• _Work to complete_
Restate the listing below word for word, pictures excluded.
** Material to process follows **
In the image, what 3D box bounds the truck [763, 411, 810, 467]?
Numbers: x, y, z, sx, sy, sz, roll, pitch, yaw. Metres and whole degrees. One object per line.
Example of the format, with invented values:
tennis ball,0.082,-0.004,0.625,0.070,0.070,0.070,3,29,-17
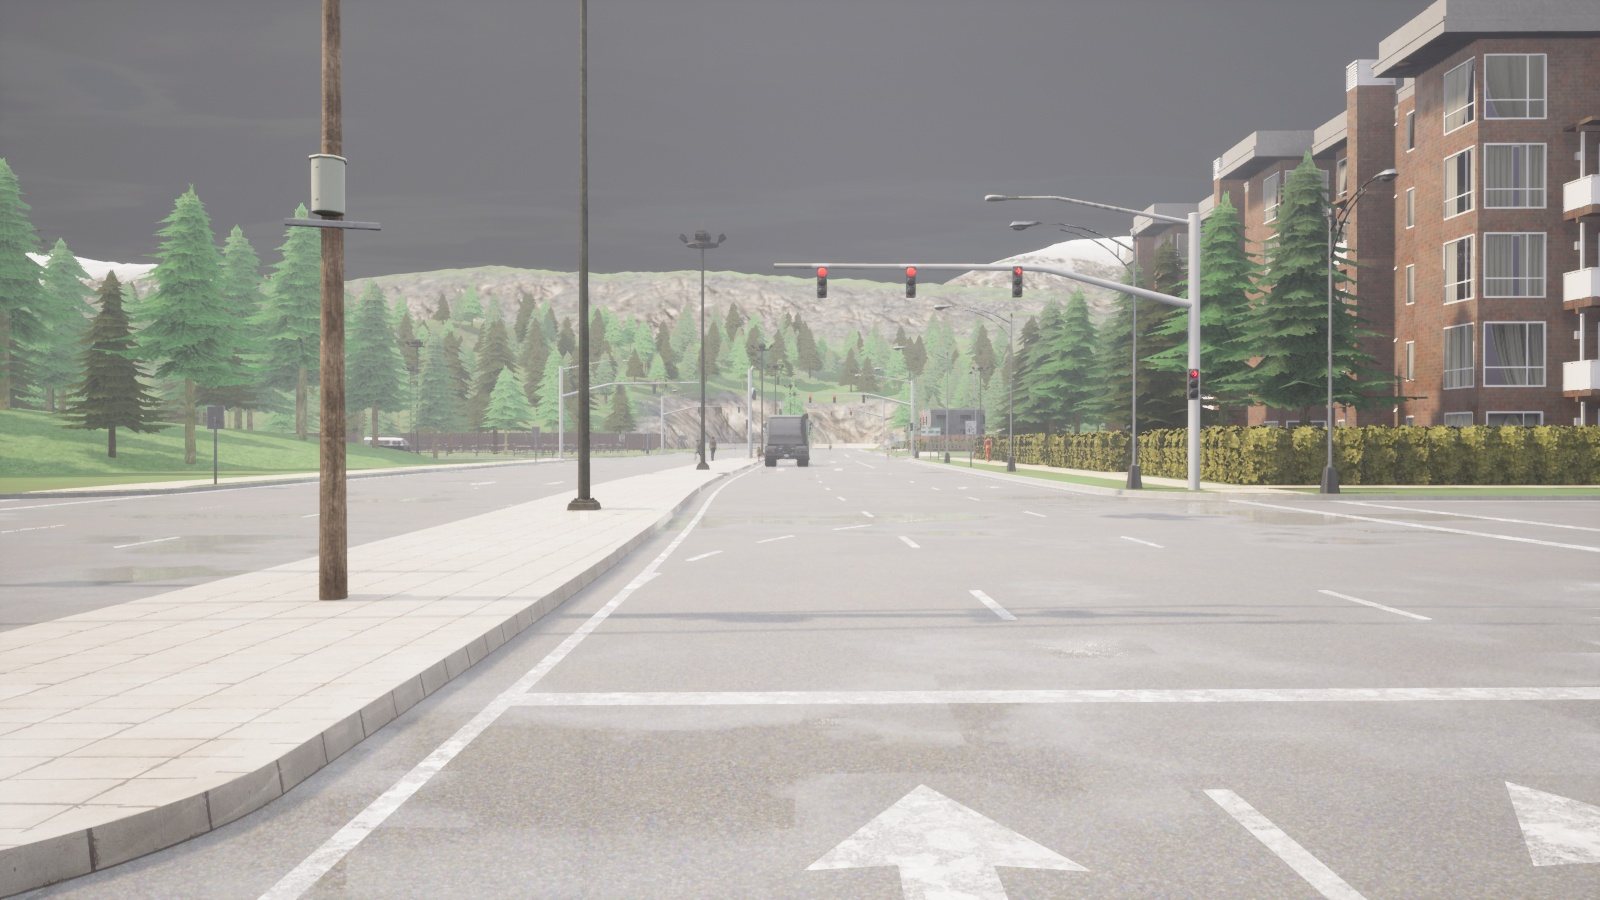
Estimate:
truck,-0.814,-0.700,82.215,2.891,3.462,7.936,0,0,0
** End of Material to process **
• _Response for this exercise_
In the image, what 3D box bounds the truck [763, 411, 810, 467]?
Numbers: x, y, z, sx, sy, sz, roll, pitch, yaw. Metres and whole degrees. One object per line.
Example of the format, with invented values:
tennis ball,0.082,-0.004,0.625,0.070,0.070,0.070,3,29,-17
Estimate:
truck,-0.814,-0.700,82.215,2.891,3.462,7.936,0,0,0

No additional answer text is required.